Files
portal/docs/superpowers/runbooks/recovery-procedures.md
T
Дмитрий cebd6bcebb docs(router-gate-v4): Stream H Task 1 fix — correct module references in recovery-procedures.md (code-quality review)
Code-quality reviewer flagged 2 IMPORTANT factual inaccuracies in
recovery-procedures.md (commit 3ce73a68):

1. Section 6 RECOMMENDED code example imported resolvePathNormalize from
   the wrong module path (tools/shell-content-rules.mjs). Actual exporter
   is tools/enforce-router-gate.mjs (verified via Grep at line 174).
   shell-content-rules.mjs only exports defaultPathNormalize.
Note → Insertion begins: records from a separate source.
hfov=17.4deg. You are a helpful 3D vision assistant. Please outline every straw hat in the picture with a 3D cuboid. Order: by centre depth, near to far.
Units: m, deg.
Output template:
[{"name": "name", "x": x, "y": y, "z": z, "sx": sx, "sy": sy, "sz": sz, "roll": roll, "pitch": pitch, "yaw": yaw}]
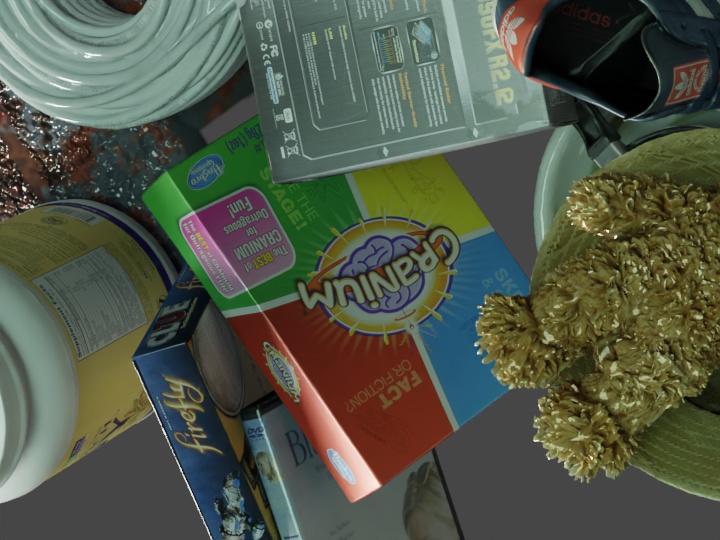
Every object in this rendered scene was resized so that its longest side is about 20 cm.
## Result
[{"name": "straw hat", "x": 0.180, "y": 0.038, "z": 1.144, "sx": 0.200, "sy": 0.085, "sz": 0.202, "roll": -3, "pitch": 64, "yaw": 6}]

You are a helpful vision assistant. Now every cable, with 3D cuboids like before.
[{"name": "cable", "x": -0.141, "y": -0.182, "z": 1.328, "sx": 0.200, "sy": 0.069, "sz": 0.200, "roll": 43, "pitch": 118, "yaw": 9}]

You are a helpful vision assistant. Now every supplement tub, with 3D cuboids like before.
[{"name": "supplement tub", "x": -0.201, "y": 0.049, "z": 1.347, "sx": 0.145, "sy": 0.200, "sz": 0.146, "roll": 7, "pitch": 108, "yaw": 23}]

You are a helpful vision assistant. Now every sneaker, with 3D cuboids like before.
[{"name": "sneaker", "x": 0.160, "y": -0.098, "z": 1.099, "sx": 0.199, "sy": 0.085, "sz": 0.075, "roll": 6, "pitch": 117, "yaw": 0}]

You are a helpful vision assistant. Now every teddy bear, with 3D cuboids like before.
[{"name": "teddy bear", "x": 0.149, "y": 0.010, "z": 1.076, "sx": 0.199, "sy": 0.067, "sz": 0.145, "roll": -17, "pitch": 66, "yaw": -2}]

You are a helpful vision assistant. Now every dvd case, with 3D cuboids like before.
[{"name": "dvd case", "x": 0.009, "y": 0.146, "z": 1.310, "sx": 0.017, "sy": 0.143, "sz": 0.201, "roll": -13, "pitch": 99, "yaw": 37}]

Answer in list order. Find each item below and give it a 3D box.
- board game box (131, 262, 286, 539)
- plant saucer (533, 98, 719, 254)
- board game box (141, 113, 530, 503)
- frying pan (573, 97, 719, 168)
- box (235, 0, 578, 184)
[{"name": "board game box", "x": -0.059, "y": 0.102, "z": 1.305, "sx": 0.034, "sy": 0.136, "sz": 0.201, "roll": -16, "pitch": 110, "yaw": 16}, {"name": "plant saucer", "x": 0.191, "y": -0.026, "z": 1.228, "sx": 0.199, "sy": 0.050, "sz": 0.201, "roll": 7, "pitch": 107, "yaw": 24}, {"name": "board game box", "x": 0.000, "y": 0.000, "z": 1.269, "sx": 0.200, "sy": 0.153, "sz": 0.040, "roll": 55, "pitch": 150, "yaw": 1}, {"name": "frying pan", "x": 0.154, "y": -0.051, "z": 1.196, "sx": 0.115, "sy": 0.031, "sz": 0.191, "roll": -20, "pitch": 99, "yaw": 28}, {"name": "box", "x": 0.013, "y": -0.156, "z": 1.194, "sx": 0.158, "sy": 0.048, "sz": 0.201, "roll": -11, "pitch": 92, "yaw": 23}]

A future
   reader copying the RECOMMENDED pattern would get an import error.
   Also corrected the call signature: resolvePathNormalize() takes no
   arguments and is async — returns the normalize function directly.

2. Section 4 (Stale-process) cited tools/enforce-bash-content-gate.mjs —
   no such file exists in tools/ (verified via Glob). Correct hook
   filenames are enforce-router-gate.mjs (Bash) and
   enforce-powershell-gate.mjs (PowerShell).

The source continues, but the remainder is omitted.